ええ、まさに。物事も進みやすくなるんですよ。例えば、誰かのアイデアに対して、「それって『PARK UP』の要素ある?」とか。

そして営業の意識が、完全に変わりました。全員がブランドの重要さを気付けたと思いますし。最初にお客様と接するのは営業です。彼らはいわば、ブランドの体現者なんです。

ブランドの社会的存在意義、プロポジションが定義されていれば、自信を持って提案できるわけです、「他社とは違うんだぞ」と。

あと、採用ですね。面接官となる社員全員がakippaのブランドを認識し、アトラクトしても恥ずかしくない、自信を持って招けるという空気ができています。結果、最終面接で会った人はほぼ全員採用できていますね。

そして、何よりの変化がこのプロジェクト走らせた1年の間で、社員一人も辞めてないんです。

──失礼かもしれませんが、大阪=商人文化。すぐにお金にならないことは好まないという印象があるのですが、金谷さんは違うようですね。

いえいえ、おっしゃる通りです。たしかに経営の観点でも、元mixiの社長である朝倉祐介さんの本、「ファイナンス思考」にも記載されていましたが、大阪の人はP/L脳なんです。短期的な売上に繋がるかどうかという視点で考えてる人が多いと思います。

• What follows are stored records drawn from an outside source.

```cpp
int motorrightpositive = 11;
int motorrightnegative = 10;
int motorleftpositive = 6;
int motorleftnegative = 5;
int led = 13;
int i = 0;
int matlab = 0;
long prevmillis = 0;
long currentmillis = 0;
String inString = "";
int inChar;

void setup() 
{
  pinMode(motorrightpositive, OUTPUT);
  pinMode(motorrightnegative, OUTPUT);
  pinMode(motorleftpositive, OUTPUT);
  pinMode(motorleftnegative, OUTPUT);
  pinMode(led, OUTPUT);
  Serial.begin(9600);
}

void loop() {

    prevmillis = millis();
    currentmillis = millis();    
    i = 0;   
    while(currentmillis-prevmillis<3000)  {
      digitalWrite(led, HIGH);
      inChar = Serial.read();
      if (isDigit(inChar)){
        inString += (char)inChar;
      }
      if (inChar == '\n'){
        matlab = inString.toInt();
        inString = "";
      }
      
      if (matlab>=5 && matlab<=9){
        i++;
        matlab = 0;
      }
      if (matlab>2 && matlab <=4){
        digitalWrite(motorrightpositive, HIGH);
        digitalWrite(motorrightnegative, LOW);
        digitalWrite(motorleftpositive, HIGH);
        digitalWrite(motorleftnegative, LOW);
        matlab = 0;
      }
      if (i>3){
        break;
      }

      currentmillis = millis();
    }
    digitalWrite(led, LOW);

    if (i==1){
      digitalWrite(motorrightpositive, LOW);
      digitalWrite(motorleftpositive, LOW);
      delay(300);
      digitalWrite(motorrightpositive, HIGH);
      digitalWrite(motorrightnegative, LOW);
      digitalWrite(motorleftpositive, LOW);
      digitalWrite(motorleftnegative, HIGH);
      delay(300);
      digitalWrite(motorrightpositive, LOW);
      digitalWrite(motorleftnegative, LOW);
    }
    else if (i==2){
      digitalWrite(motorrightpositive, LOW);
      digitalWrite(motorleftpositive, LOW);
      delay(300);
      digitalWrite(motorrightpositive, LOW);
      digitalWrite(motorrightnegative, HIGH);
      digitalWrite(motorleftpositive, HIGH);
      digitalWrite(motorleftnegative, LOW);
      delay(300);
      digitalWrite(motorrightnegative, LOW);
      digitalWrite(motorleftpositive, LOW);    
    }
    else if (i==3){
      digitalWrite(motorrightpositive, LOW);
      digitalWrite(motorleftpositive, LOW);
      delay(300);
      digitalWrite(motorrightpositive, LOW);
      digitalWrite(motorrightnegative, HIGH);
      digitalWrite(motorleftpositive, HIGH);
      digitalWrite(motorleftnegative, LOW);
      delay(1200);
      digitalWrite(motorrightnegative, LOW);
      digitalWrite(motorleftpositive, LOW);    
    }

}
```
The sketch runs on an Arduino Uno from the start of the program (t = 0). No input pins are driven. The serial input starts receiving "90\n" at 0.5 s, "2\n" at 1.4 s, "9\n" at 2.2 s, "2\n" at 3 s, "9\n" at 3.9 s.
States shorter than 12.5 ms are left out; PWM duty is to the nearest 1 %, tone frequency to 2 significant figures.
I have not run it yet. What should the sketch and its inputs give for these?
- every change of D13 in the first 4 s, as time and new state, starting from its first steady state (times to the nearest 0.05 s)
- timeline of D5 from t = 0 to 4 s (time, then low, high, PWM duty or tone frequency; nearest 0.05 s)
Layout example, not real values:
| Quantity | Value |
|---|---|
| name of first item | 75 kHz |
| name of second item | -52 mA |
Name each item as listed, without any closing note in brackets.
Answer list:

そして大阪愛が強い。吉本新喜劇や阪神タイガース=No.1という感覚ですが、東京の人はもちろん、世界の基準からみても、それはスタンダードじゃない。自分たちの中の最高=みんなにとって最高というものは基本存在しないんです。

そういう意識の中で、大阪を客観的に見た上でちゃんとブランディングプロポジションを策定していこうというのは気をつけてましたね。もちろん、新喜劇も阪神も好きですけど(笑)。

──大阪で一番で終わるサービスではいけませんからね。世界に行くためには。

世界一目指せば、自ずと皆さんに受け入れてもらえる。そしたら大阪でもきっと愛してもらえるサービスになるでしょう。僕たちの使命は「PARK UP」ですから。